- Born: 6 May 1876 Churchstoke, Wales
- Died: 12 July 1968 (aged 92) Artarmon, Sydney, Australia
- Education: Derby Central School of Art
- Occupation: art lecturer
- Known for: influence on art in Australia

= May Marsden =

Australian artist and educationist

May Marsden (6 May 1876 – 12 July 1968) was an Australian artist and educationist who was born in Wales. She lectured at the Sydney Teachers' College and she is credited with changing the way art was taught to secondary students. She encouraged that they should be innovative and more conservative approaches were discouraged.

==Life==
Marsden was born in Churchstoke in what was then Monmouthshire which is just in Wales. She began her artistic training at Wirksworth, under Fred Simmonds, and continued it in the Derby Central School of Art. She then qualified as a teacher at Kensington's Royal College of Art. She was teaching girls in Liverpool and she exhibited her paintings there. She also showed then in Leicester and Derby.

In 1913 she and her parents emigrated to Australia. She was employed at the new Sydney Teachers' College by the Scottish born academic Alexander Mackie as an art lecturer. The Australian Watercolour Institute was formed and their first exhibition was in 1924 and she exhibited with them. Some of her drawings from 1929 are in the New South Wales Art Gallery and the watercolour "Magnolias".

She was an inspiring teacher believing that artists need to be left alone. She gained a name for teaching children art by not teaching them.
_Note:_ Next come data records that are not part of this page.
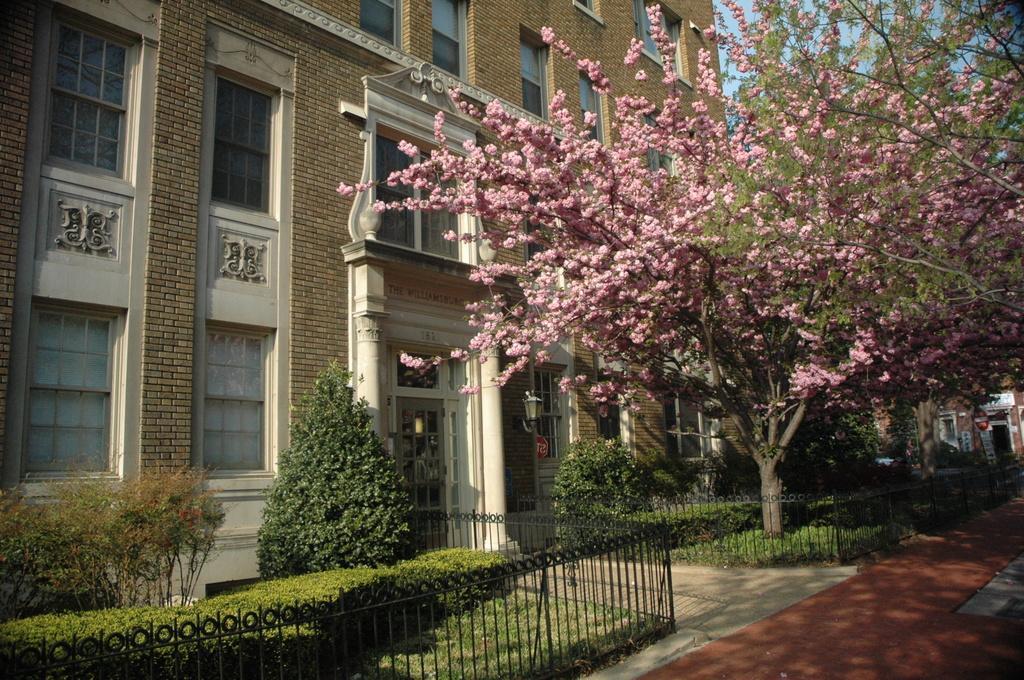Describe this image in one or two sentences. In the picture we can see a building with glass windows and door and near to it, we can see some plants, grass and around it we can see a railing and on the grass surface we can see a tree with pink flowers. 
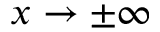<formula> <loc_0><loc_0><loc_500><loc_500>x \to \pm \infty</formula> 
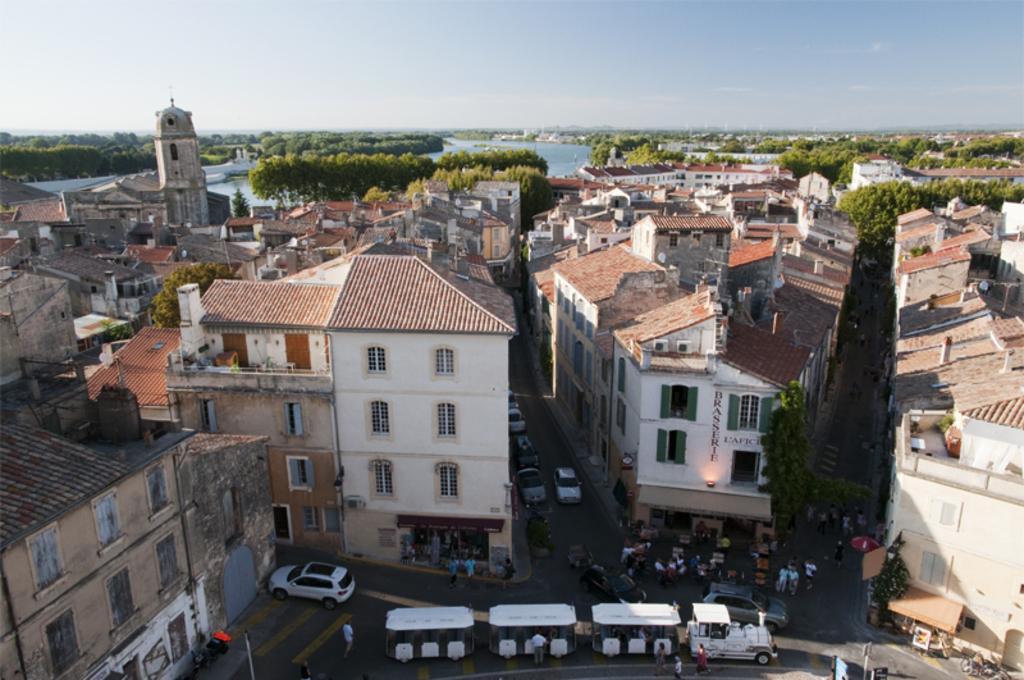In one or two sentences, can you explain what this image depicts? Here we can see buildings,windows,trees,water,antennas and clouds in the sky and there are vehicles,few people standing and walking on the road and we can also see some other objects on the road. 
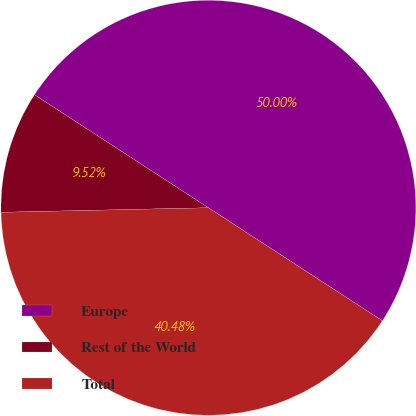<chart> <loc_0><loc_0><loc_500><loc_500><pie_chart><fcel>Europe<fcel>Rest of the World<fcel>Total<nl><fcel>50.0%<fcel>9.52%<fcel>40.48%<nl></chart>

She filled the corridors of Sydney Teachers' College with copies of paintings by the great masters and prints of contemporary work including that of Eleonore Lange. She enjoyed the support of Mackie in her approach although some thought her eccentric. She ran a sketching club and she would persuade her students to gather around a piece of art in the corridor where she would inform and entertain them. One of her earliest students was Portia Mary Bennett and a later student was the surrealist James Gleeson. She persuaded him to switch from poetry to art to explore his hatred of fascism as the war came to Australia.

Marsden is credited with changing the way that art was taught to secondary students. Historically there had been a very conservative approach but Marsden inspired teachers to encourage innovation in their students. She was employed by the Sydney Teachers' College until 1941. Marsden died in 1968 in her home in the Sydney suburb of Artarmon.